A poll of 500,000 Chinese netizens, conducted by Hong Kong's Phoenix Television in 2011 suggested that 60% of those surveyed agreed Osama bin Laden's death was a sad event because "he was an anti-US warrior". However, another report by Public Radio International documented more mixed responses on Chinese social media, and noted that most users did not care about his death.

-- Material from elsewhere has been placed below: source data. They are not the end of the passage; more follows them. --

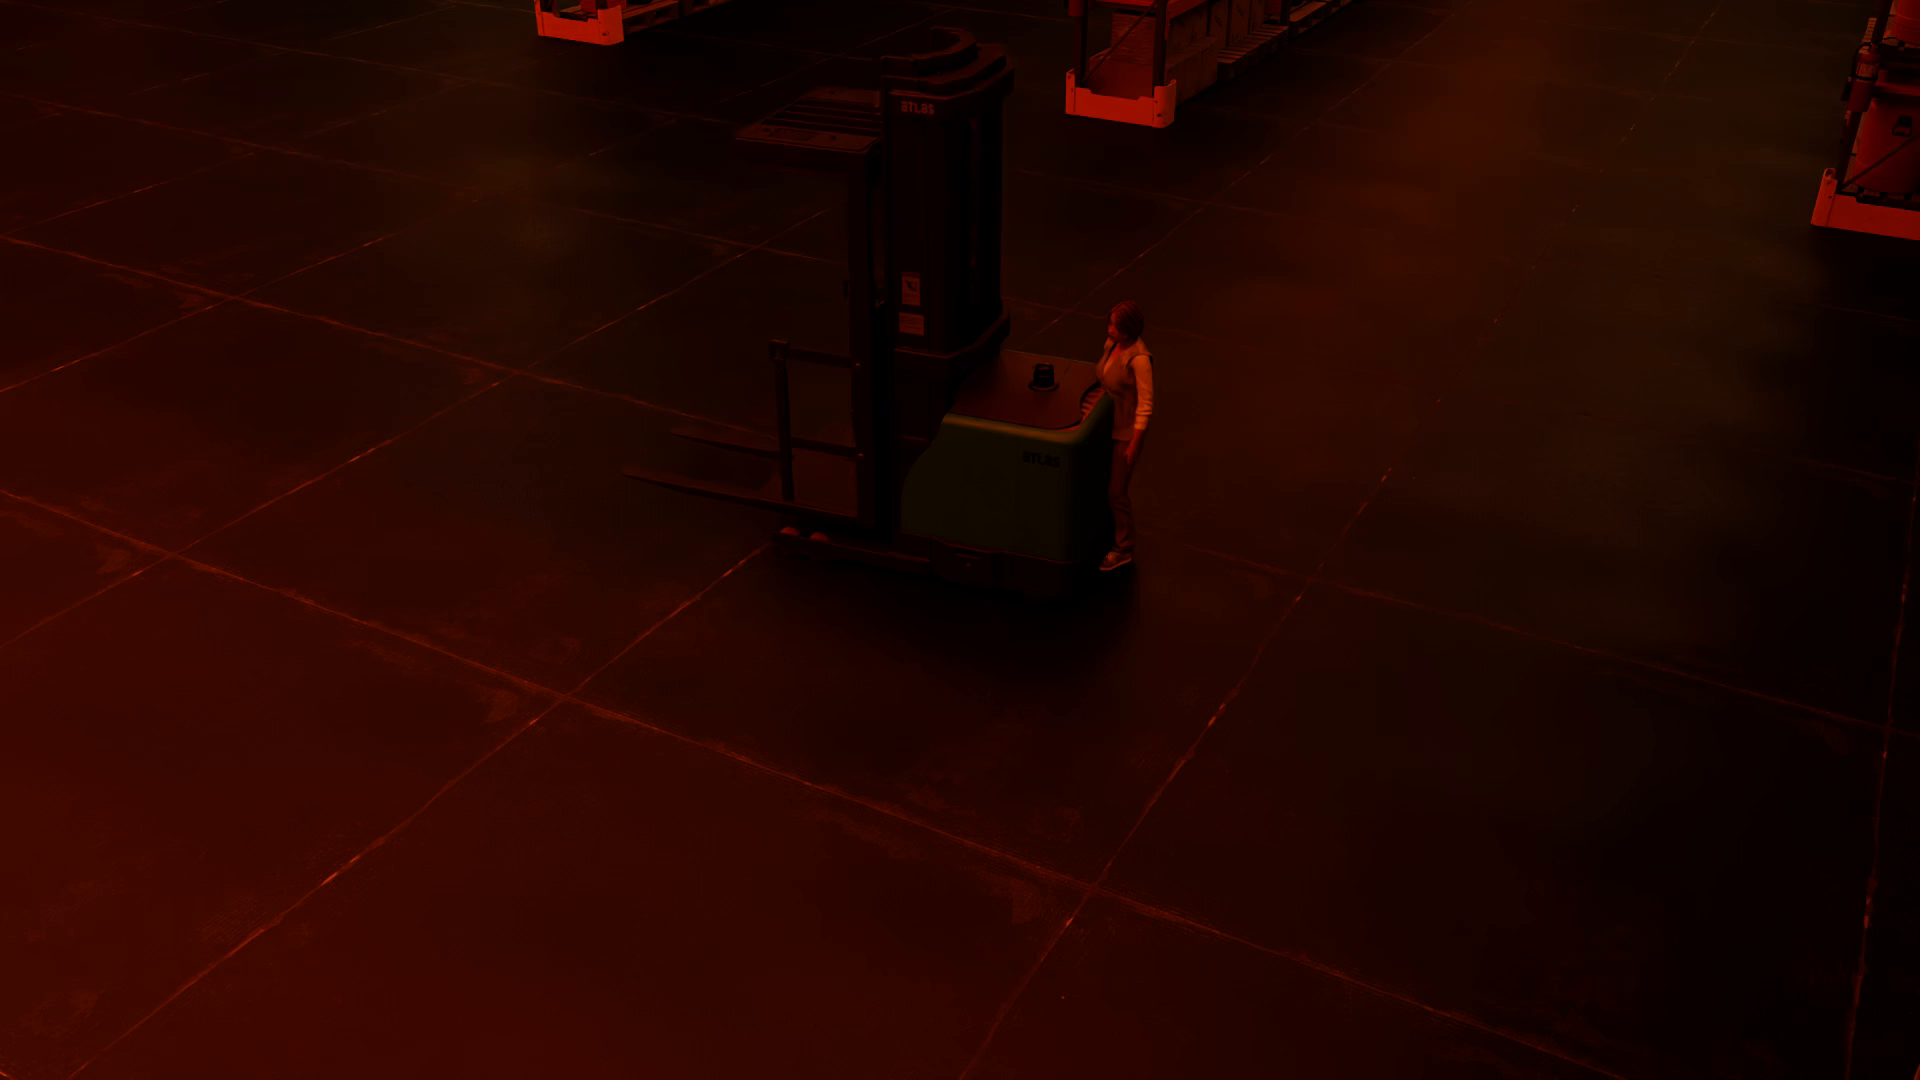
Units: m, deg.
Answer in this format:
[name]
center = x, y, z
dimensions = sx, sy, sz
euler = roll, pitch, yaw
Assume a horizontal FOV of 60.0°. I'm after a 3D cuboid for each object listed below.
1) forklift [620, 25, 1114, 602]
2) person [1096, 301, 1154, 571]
[forklift]
center = -0.575, -1.376, 9.454
dimensions = 3.031, 2.935, 1.130
euler = 11, 32, 18
[person]
center = 0.876, -0.603, 9.465
dimensions = 0.370, 1.584, 0.547
euler = -13, 32, -21

Chinese hackers have also conducted cyberwarfare against American institutions. Quartz suggested that certain Hollywood films such as Django Unchained were allowed to slip past China's film censorship, because they depicted a negative view of American society. It alleges that the film "depicts one of America's darker periods, when slavery was legal, which Chinese officials like to use to push back against criticism from the United States".

Trump administration 
There has been a significant increase in anti-US sentiment since American President Donald Trump launched a trade war against China, with Chinese media airing Korean War films. In May 2019, Global Times has said that "the trade war with the U.S. at the moment reminds Chinese of military struggles between China and the U.S. during the Korean War."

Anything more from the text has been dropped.